ALTERNATIVA La producción ecológica supera las 50.500 hectáreas y el millar de operadores

E. ORTIZ
13/05/2019

 

Parece que el concepto de agricultura ecológica se ha colado en nuestro día a día antes de ayer, quizá porque el cambio del chip sobre el respeto del medio ambiente es demasiado reciente.
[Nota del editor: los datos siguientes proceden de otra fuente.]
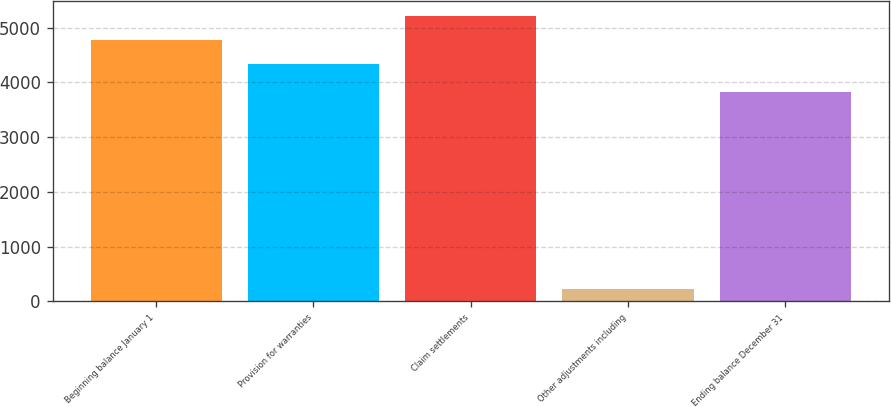<chart> <loc_0><loc_0><loc_500><loc_500><bar_chart><fcel>Beginning balance January 1<fcel>Provision for warranties<fcel>Claim settlements<fcel>Other adjustments including<fcel>Ending balance December 31<nl><fcel>4775.7<fcel>4331<fcel>5220.4<fcel>218<fcel>3831<nl></chart> 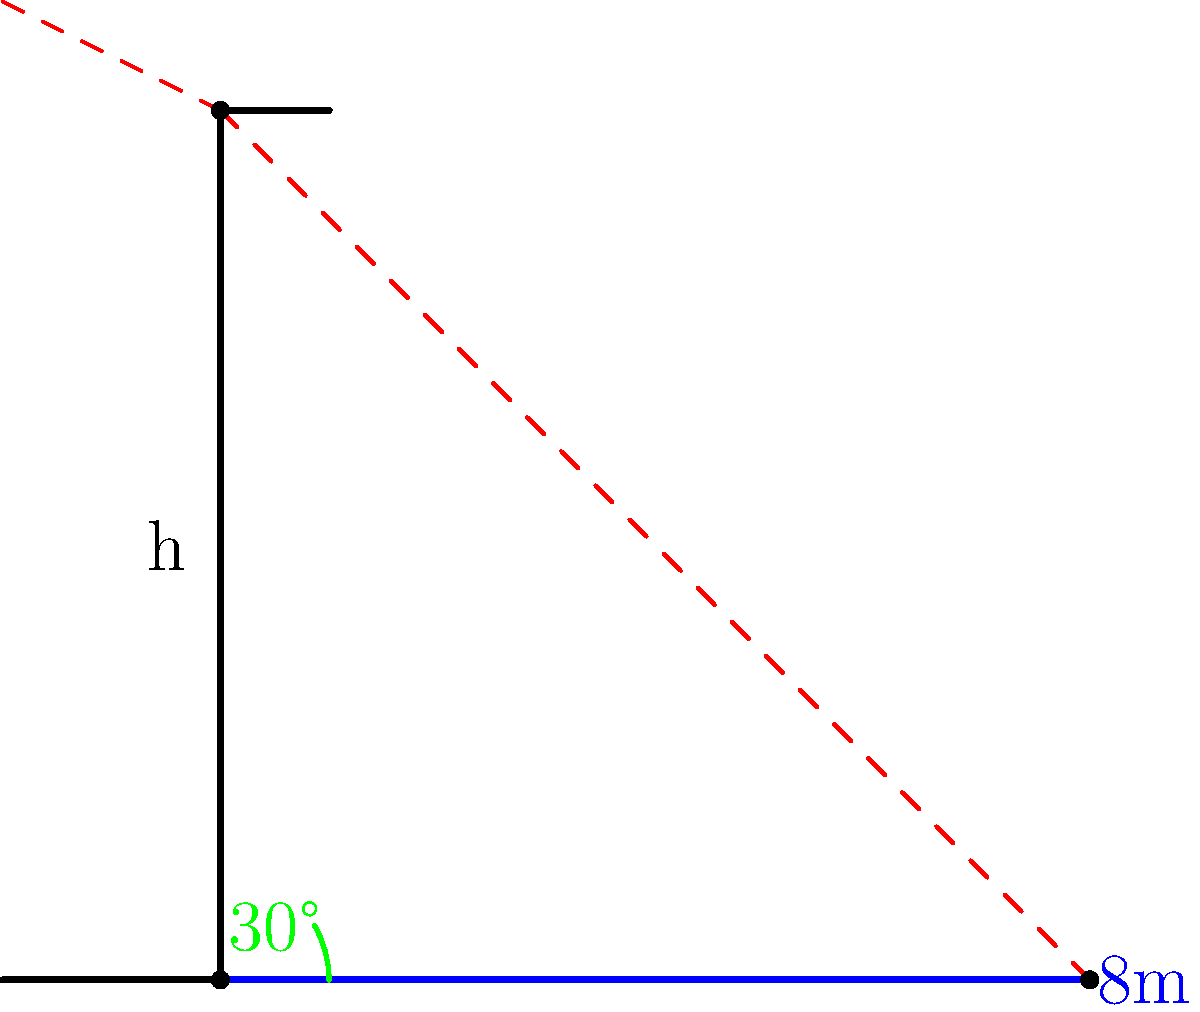As a preservationist of historical sites, you're tasked with estimating the height of a colonial-era building. Using a sundial, you determine that the sun's angle is 30° above the horizon. If the building's shadow extends 8 meters from its base, what is the approximate height of the building? To solve this problem, we'll use trigonometry:

Pero la oposición de la sociedad al uso de las técnicas productivas intensivas tiene sus raíces en la Revolución Industrial. Entonces ya hubo quien se negó a anteponer la productividad y el rendimiento inmediato al uso sostenible del suelo.

Una postura que se refuerza en la década de los 90, consiguiendo involucrar a los gobiernos con un método de producción que devuelve alimentos saludables y de máxima calidad. ¿Su secreto? El uso de los recursos naturales y la renuncia a sustancias químicas de síntesis. Un manejo que no solo favorece la fertilidad de la tierra sino que conserva las propiedades del producto.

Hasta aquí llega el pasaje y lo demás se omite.